I. Field of the Invention
The present invention pertains generally to pneumatic valves. More particularly the present invention pertains to a valve system for mixing a fuel propellant and oxidizer in the injector housing of a rocket engine.
II. Discussion of the Background
In conventional engines, mass flow control is typically accomplished in one of three ways. The first approach utilizes throttling valves that are positioned upstream of the propellant supply manifold. Although this approach is the simplest to implement, high throttling ratios (maximum mass flow rate divided by minimum mass flow rate) cannot be achieved without a significant loss in engine performance. The losses occur because the minimum allowed pressure drop across the injection orifices is not maintained at the entrance to the orifice. The only way to overcome this loss is with a configuration that closely couples the throttling mechanism to the injection orifice.
The second approach is to close couple the throttling mechanism to the injection orifice. With this approach, the propellant manifold is breached and either an electrical or pneumatic actuator is used to drive the mechanism via a mechanical link that passes through this breach. The drawback to this approach is that the breach requires a complex sealing system at the manifold-to-mechanical link interface, which gives rise to reliability issues.

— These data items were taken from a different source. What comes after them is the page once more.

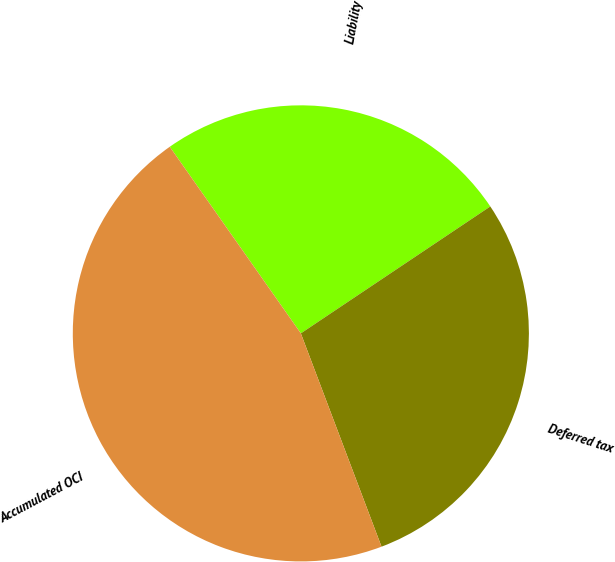Convert chart. <chart><loc_0><loc_0><loc_500><loc_500><pie_chart><fcel>Liability<fcel>Deferred tax<fcel>Accumulated OCI<nl><fcel>25.35%<fcel>28.64%<fcel>46.01%<nl></chart> 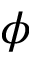Convert formula to latex. <formula><loc_0><loc_0><loc_500><loc_500>\phi</formula> 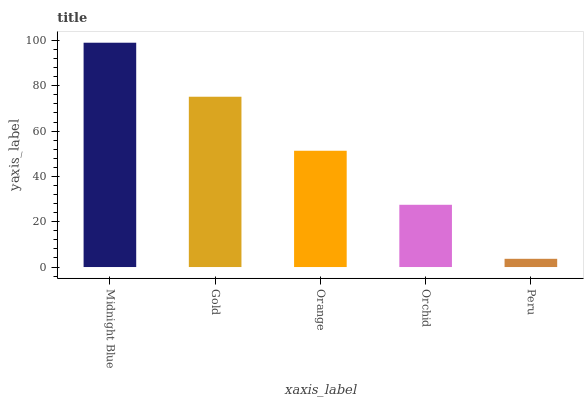Is Peru the minimum?
Answer yes or no. Yes. Is Midnight Blue the maximum?
Answer yes or no. Yes. Is Gold the minimum?
Answer yes or no. No. Is Gold the maximum?
Answer yes or no. No. Is Midnight Blue greater than Gold?
Answer yes or no. Yes. Is Gold less than Midnight Blue?
Answer yes or no. Yes. Is Gold greater than Midnight Blue?
Answer yes or no. No. Is Midnight Blue less than Gold?
Answer yes or no. No. Is Orange the high median?
Answer yes or no. Yes. Is Orange the low median?
Answer yes or no. Yes. Is Midnight Blue the high median?
Answer yes or no. No. Is Peru the low median?
Answer yes or no. No. 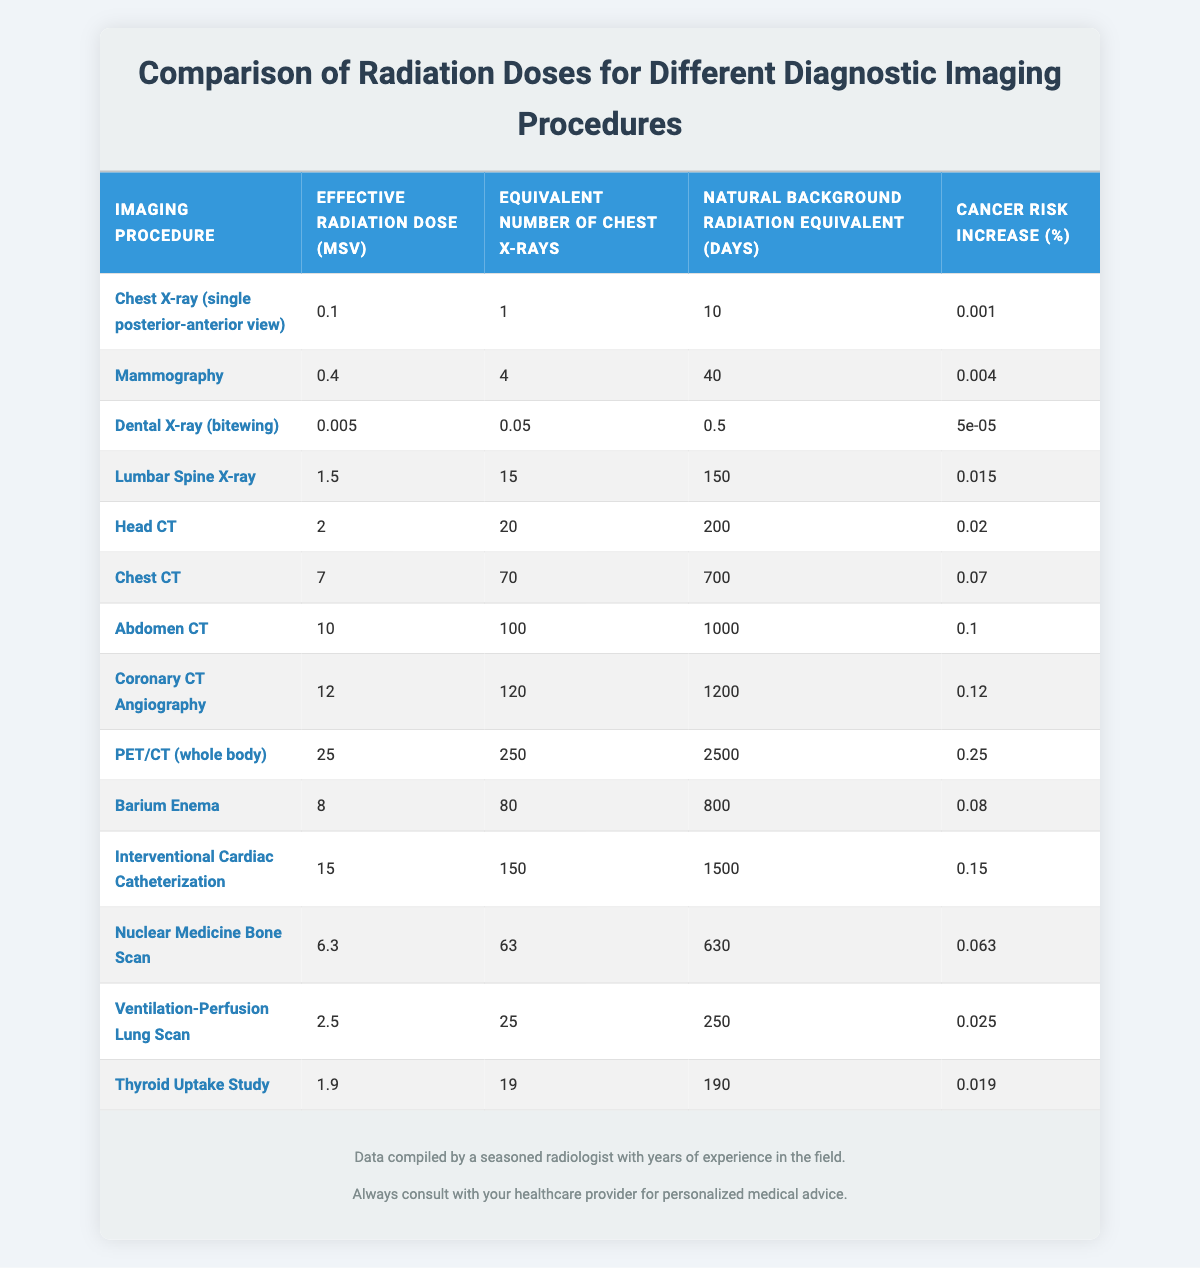What is the effective radiation dose for a Chest X-ray (single posterior-anterior view)? The table lists the effective radiation dose for each imaging procedure. For a Chest X-ray (single posterior-anterior view), the effective radiation dose is specified as 0.1 mSv.
Answer: 0.1 mSv How many equivalent chest X-rays does a PET/CT (whole body) have? According to the table, the equivalent number of chest X-rays for a PET/CT (whole body) is 250 as stated in the column specifically for equivalent chest X-rays.
Answer: 250 Which imaging procedure has the highest cancer risk increase percentage? The cancer risk increase percentage is listed for each procedure in the last column. Scanning the table, it shows that the imaging procedure with the highest percentage is PET/CT (whole body) at 0.25%.
Answer: 0.25% What is the natural background radiation equivalent (in days) for a Coronary CT Angiography? The table provides the natural background radiation equivalent for each imaging type. For Coronary CT Angiography, the equivalent is listed as 1200 days in the respective column.
Answer: 1200 days Is the effective radiation dose for a Dental X-ray greater than that of a Mammography? By comparing the effective radiation doses listed in the table, the Dental X-ray has a dose of 0.005 mSv while Mammography has a dose of 0.4 mSv. Thus, the statement is false.
Answer: No What is the average effective radiation dose for all the imaging procedures listed in the table? To find the average, you first sum the effective radiation doses for all procedures: (0.1 + 0.4 + 0.005 + 1.5 + 2 + 7 + 10 + 12 + 25 + 8 + 15 + 6.3 + 2.5 + 1.9) = 92.8 mSv. There are 14 procedures, so the average is 92.8 mSv / 14 ≈ 6.59 mSv.
Answer: 6.59 mSv How many imaging procedures have an effective radiation dose equal to or greater than 10 mSv? By checking the effective radiation doses listed in the table, the procedures that have values ≥ 10 mSv are Abdomen CT (10 mSv), Coronary CT Angiography (12 mSv), and PET/CT (whole body) (25 mSv). This results in a total of 3 procedures.
Answer: 3 Which imaging procedure shows the least cancer risk increase? The last column indicates the cancer risk increase for each procedure. The lowest value is attributed to the Dental X-ray with a 0.00005% increase in cancer risk.
Answer: Dental X-ray What is the difference in effective radiation dose between a Chest CT and a Head CT? The effective radiation dose for Chest CT is 7 mSv and for Head CT is 2 mSv. The difference is calculated as 7 mSv - 2 mSv = 5 mSv.
Answer: 5 mSv Does a Lumbar Spine X-ray have a higher effective radiation dose than a Barium Enema? The effective radiation dose for Lumbar Spine X-ray is 1.5 mSv, whereas for Barium Enema it is 8 mSv. Since 1.5 mSv < 8 mSv, the statement is false.
Answer: No 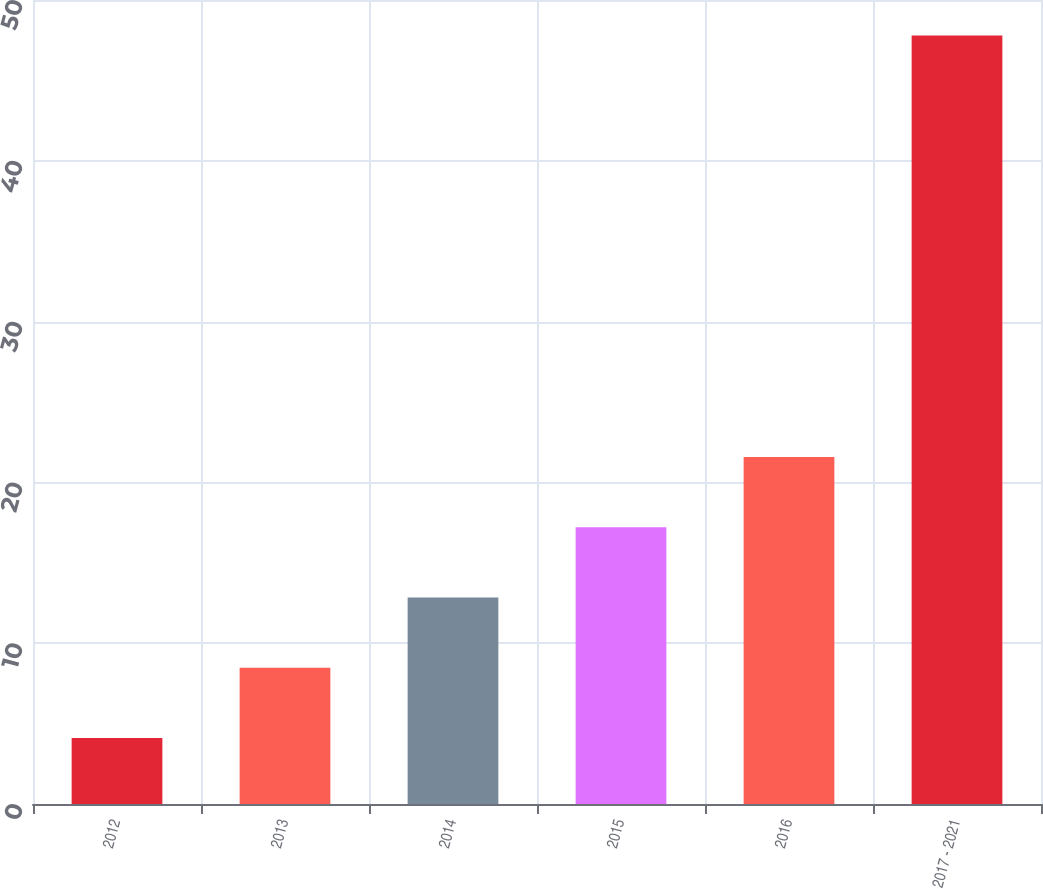<chart> <loc_0><loc_0><loc_500><loc_500><bar_chart><fcel>2012<fcel>2013<fcel>2014<fcel>2015<fcel>2016<fcel>2017 - 2021<nl><fcel>4.1<fcel>8.47<fcel>12.84<fcel>17.21<fcel>21.58<fcel>47.8<nl></chart> 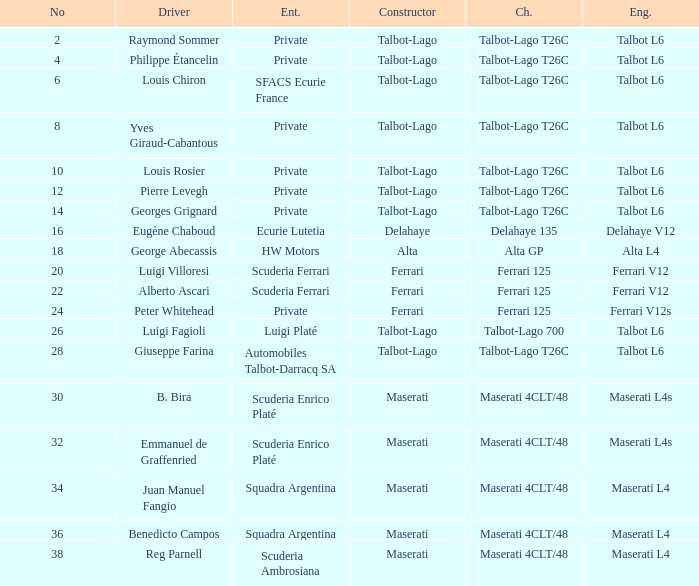Determine the maker for b. bira Maserati. 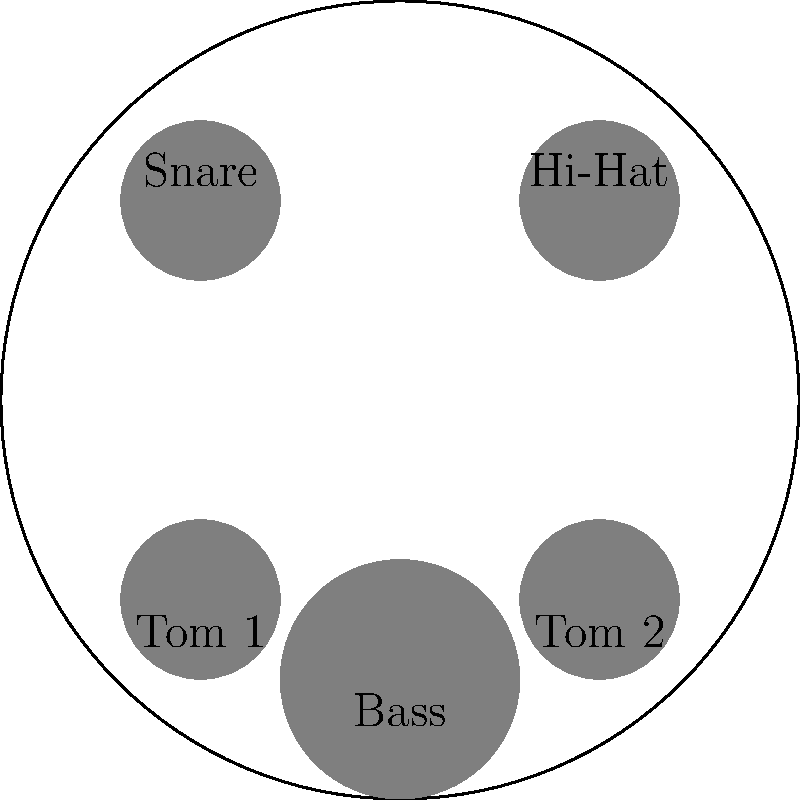As a rock drummer, you're experimenting with different drum kit arrangements. The diagram shows a standard 5-piece drum kit setup. How many unique arrangements can be created by rotating and reflecting this setup, assuming the bass drum stays fixed in its position? Let's approach this step-by-step:

1) First, we need to identify the symmetries of the drum kit arrangement:
   - The bass drum is fixed, so we only consider the other four pieces.
   - The arrangement has rotational symmetry of order 2 (180° rotation).
   - It also has two reflection symmetries: across the vertical and horizontal axes.

2) These symmetries form the dihedral group $D_2$, also known as the Klein four-group.

3) The order of the $D_2$ group is 4. This means there are 4 symmetry operations:
   - Identity (no change)
   - 180° rotation
   - Reflection across the vertical axis
   - Reflection across the horizontal axis

4) Each of these operations produces a unique arrangement of the drum kit.

5) Therefore, the number of unique arrangements is equal to the order of the $D_2$ group, which is 4.

This result aligns with a rock drummer's practical understanding of kit setup variations, focusing on the fundamental symmetries without unnecessary complexities.
Answer: 4 unique arrangements 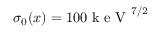Convert formula to latex. <formula><loc_0><loc_0><loc_500><loc_500>\sigma _ { 0 } ( x ) = 1 0 0 k e V ^ { 7 / 2 }</formula> 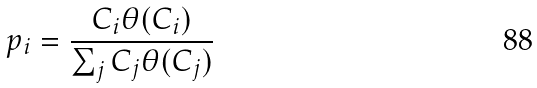<formula> <loc_0><loc_0><loc_500><loc_500>p _ { i } = \frac { C _ { i } \theta ( C _ { i } ) } { \sum _ { j } C _ { j } \theta ( C _ { j } ) }</formula> 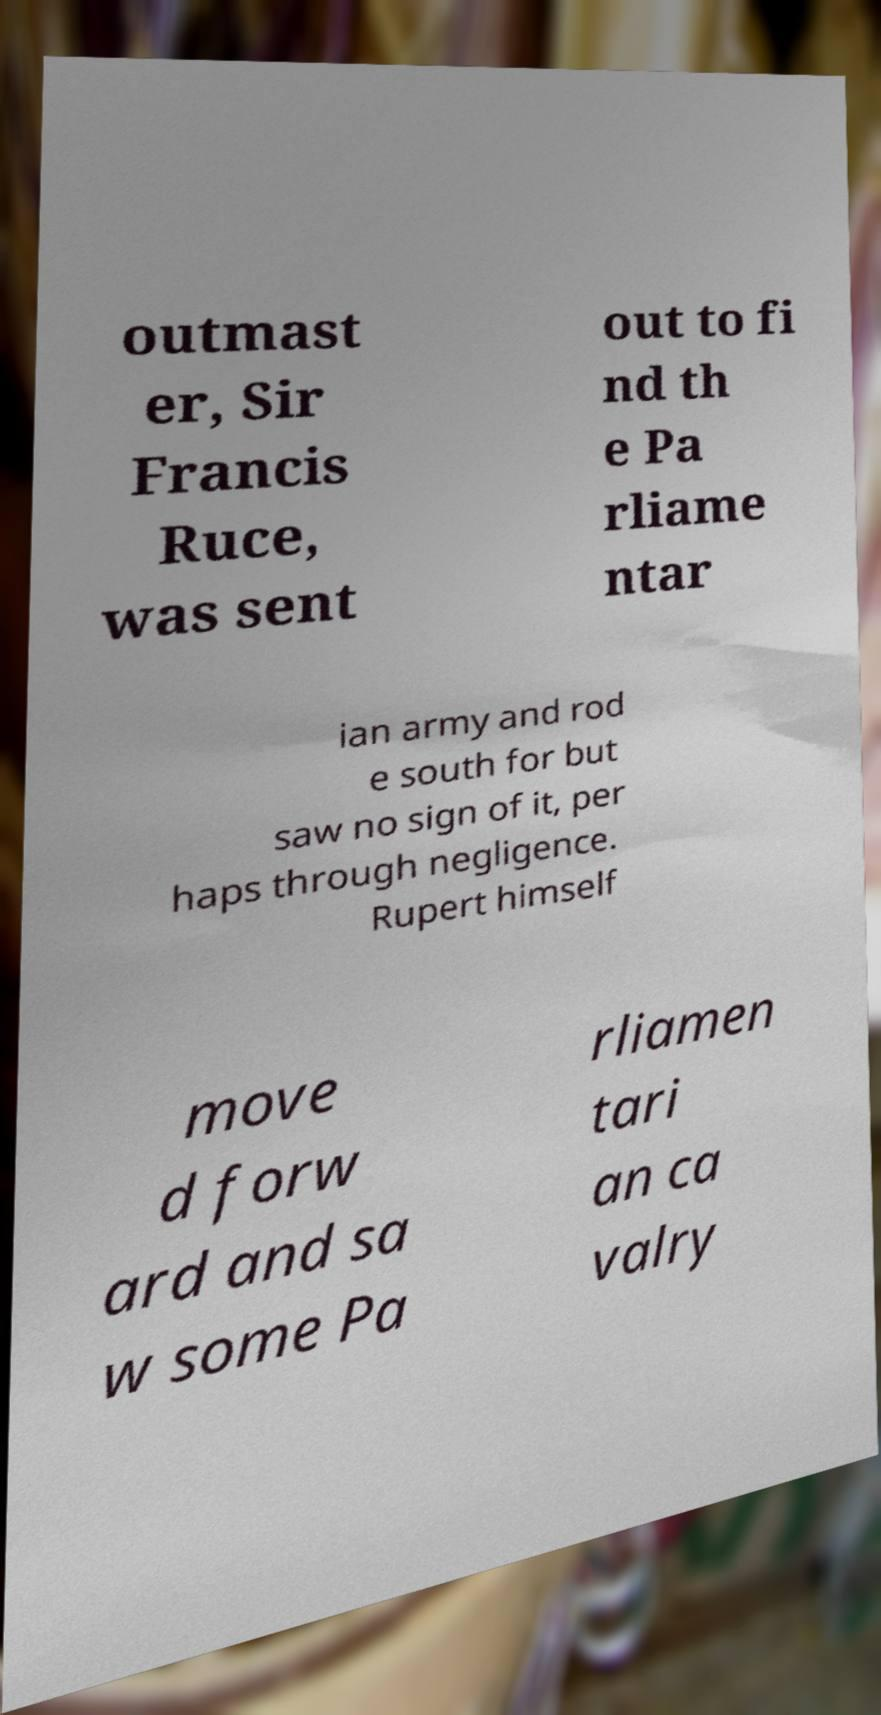Can you read and provide the text displayed in the image?This photo seems to have some interesting text. Can you extract and type it out for me? outmast er, Sir Francis Ruce, was sent out to fi nd th e Pa rliame ntar ian army and rod e south for but saw no sign of it, per haps through negligence. Rupert himself move d forw ard and sa w some Pa rliamen tari an ca valry 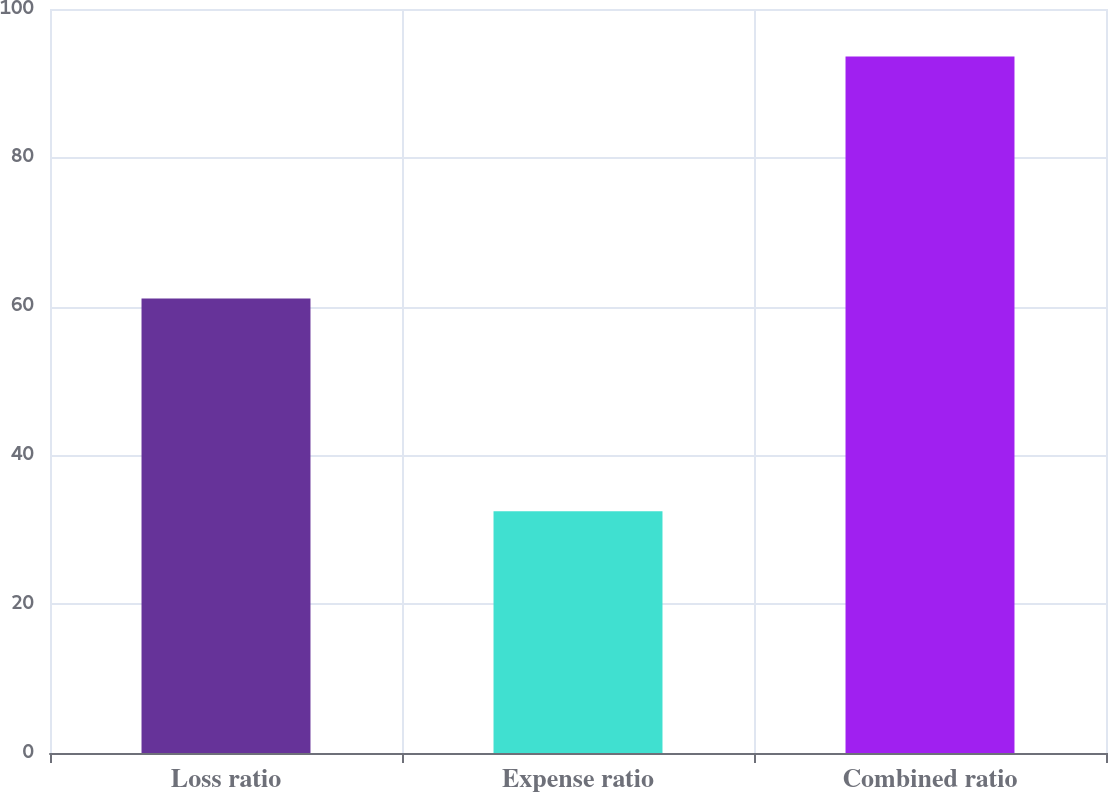Convert chart. <chart><loc_0><loc_0><loc_500><loc_500><bar_chart><fcel>Loss ratio<fcel>Expense ratio<fcel>Combined ratio<nl><fcel>61.1<fcel>32.5<fcel>93.6<nl></chart> 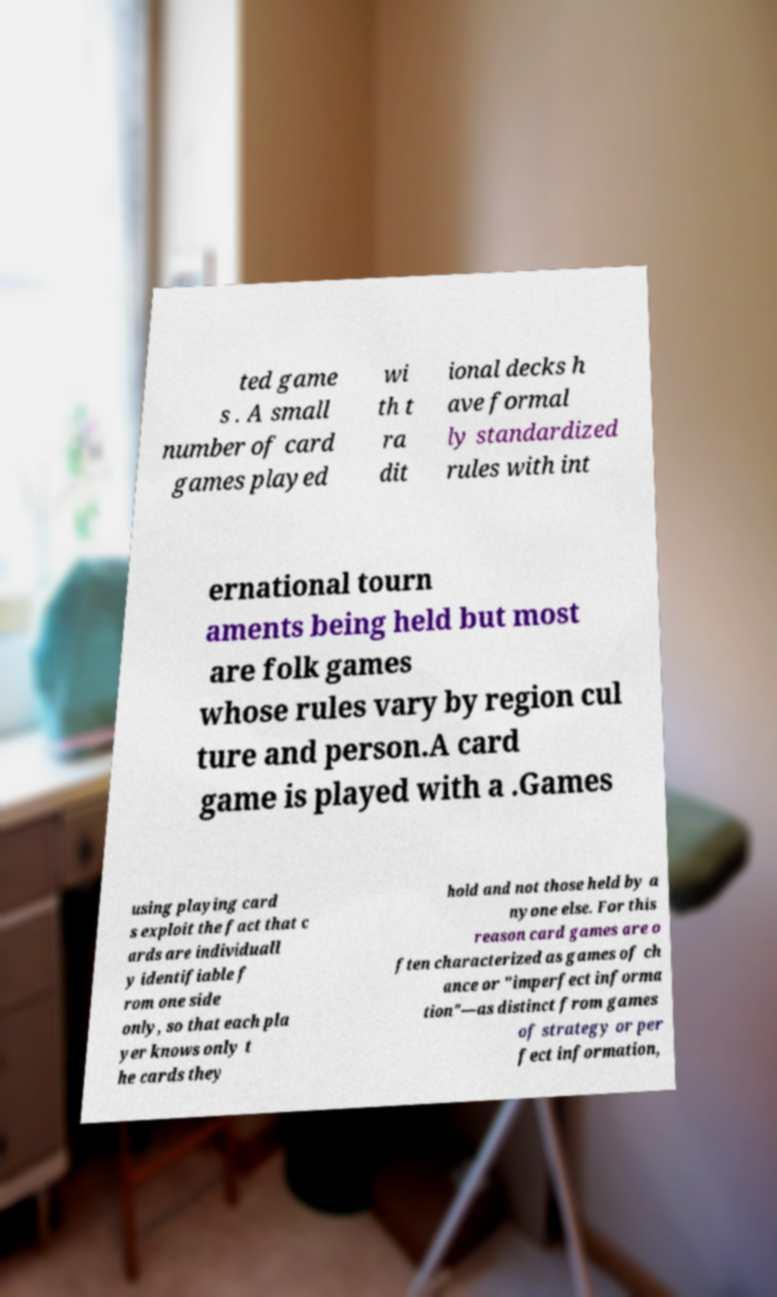Can you accurately transcribe the text from the provided image for me? ted game s . A small number of card games played wi th t ra dit ional decks h ave formal ly standardized rules with int ernational tourn aments being held but most are folk games whose rules vary by region cul ture and person.A card game is played with a .Games using playing card s exploit the fact that c ards are individuall y identifiable f rom one side only, so that each pla yer knows only t he cards they hold and not those held by a nyone else. For this reason card games are o ften characterized as games of ch ance or "imperfect informa tion"—as distinct from games of strategy or per fect information, 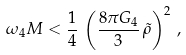<formula> <loc_0><loc_0><loc_500><loc_500>\omega _ { 4 } M < \frac { 1 } { 4 } \, \left ( \frac { 8 \pi G _ { 4 } } { 3 } \, \tilde { \rho } \right ) ^ { 2 } \, ,</formula>

The third approach is a throttling technique known as SLAMMITT (Sliding Action Magneto Mechanical Injector Throttling Technique) which is taught in U.S. Pat. No. 7,257,939 which is herein incorporated by reference. This technique achieves close coupling of the throttling mechanism to the injector orifices. No breach in the propellant manifolds is required since an electric motor is used to drive the throttling assembly. A drawback to this approach concerns the sealing and assembly of the hardware. The assembly is tedious and once assembled the integrity of the seals and throttling hardware cannot be verified.
All of the above prior art techniques concern systems where the fuel manifold is coupled to the combustion chamber. This poses a problem when the engine is fired for extended periods of time, or pulsed on and off multiple times. These actions can cause heat buildup in the combustion chamber walls. If the manifolds share a common wall with the combustion chamber, the unburned, yet reactive, propellants can absorb heat from the combustion chamber and react in the manifolds, causing catastrophic destruction of the engine.